In my database, I have a relationship like this:
(u:User)-[r1:LISTENS_TO]->(a:Artist)<-[r2:LISTENS_TO]-(u2:User)
I want to perform a query where for a given user, I find the common artists between that user and every other user.
To give an idea of size of my database, I have about 600 users, 47,546 artists, and 184,211 relationships between users and artists.

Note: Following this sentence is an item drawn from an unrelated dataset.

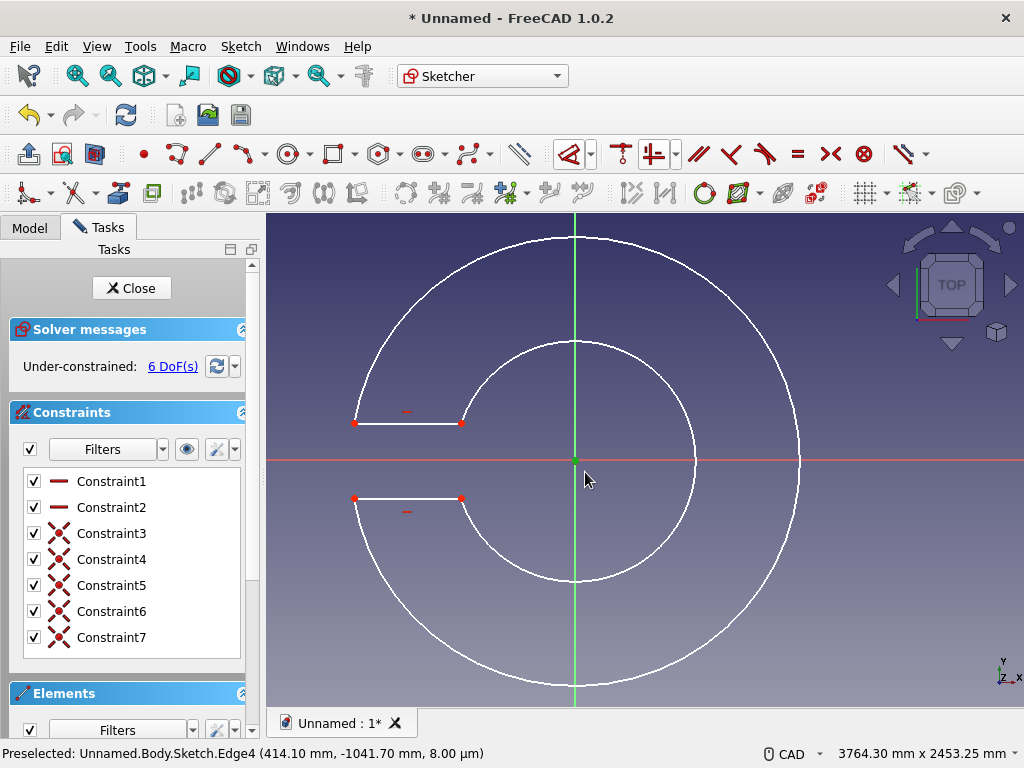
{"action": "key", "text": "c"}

The first query I was trying was the following:
START me=node(553314), other=node:userLocations("withinDistance:[38.89037,-77.03196,80.467]")
OPTIONAL MATCH
pMutualArtists=(me:User)-[ar1:LISTENS_TO]->(a:Artist)<-[ar2:LISTENS_TO]-(other:User)
WHERE
other:User
WITH other, COUNT(DISTINCT pMutualArtists) AS mutualArtists
ORDER BY mutualArtists DESC
LIMIT 10
RETURN other.username, mutualArtists
This was taking around 20 seconds to return. The profile for this query is as follows:
+----------------------+-------+--------+------------------------+------------------------------------------------------------------------------------------------+
| Operator | Rows | DbHits | Identifiers | Other |
+----------------------+-------+--------+------------------------+------------------------------------------------------------------------------------------------+
| ColumnFilter(0) | 10 | 0 | | keep columns other.username, mutualArtists |
| Extract | 10 | 20 | | other.username |
| ColumnFilter(1) | 10 | 0 | | keep columns other, mutualArtists |
| Top | 10 | 0 | | { AUTOINT0}; Cached( INTERNAL_AGGREGATEb6facb18-1c5d-45a6-83bf-a75c25ba6baf of type Integer) |
| EagerAggregation | 563 | 0 | | other |
| OptionalMatch | 52806 | 0 | | |
| Eager(0) | 563 | 0 | | |
| NodeByIndexQuery(1) | 563 | 564 | other, other | Literal(withinDistance:[38.89037,-77.03196,80.467]); userLocations |
| NodeById(1) | 1 | 1 | me, me | Literal(List(553314)) |
| Eager(1) | 82 | 0 | | |
| ExtractPath | 82 | 0 | pMutualArtists | |
| Filter(0) | 82 | 82 | | (hasLabel(a:Artist(1)) AND NOT(ar1 == ar2)) |
| SimplePatternMatcher | 82 | 82 | a, me, ar2, ar1, other | |
| Filter(1) | 1 | 3 | | ((hasLabel(me:User(3)) AND hasLabel(other:User(3))) AND hasLabel(other:User(3))) |
| NodeByIndexQuery(1) | 563 | 564 | other, other | Literal(withinDistance:[38.89037,-77.03196,80.467]); userLocations |
| NodeById(1) | 1 | 1 | me, me | Literal(List(553314)) |
+----------------------+-------+--------+------------------------+------------------------------------------------------------------------------------------------+
I was frustrated. It didn't seem like this should take 20 seconds.
I came back to the problem later on, and tried debugging it from the start.
I started to break down the query, and I noticed I was getting much faster results. Without the Neo4J Spatial query, I was getting results in about 1.5 seconds.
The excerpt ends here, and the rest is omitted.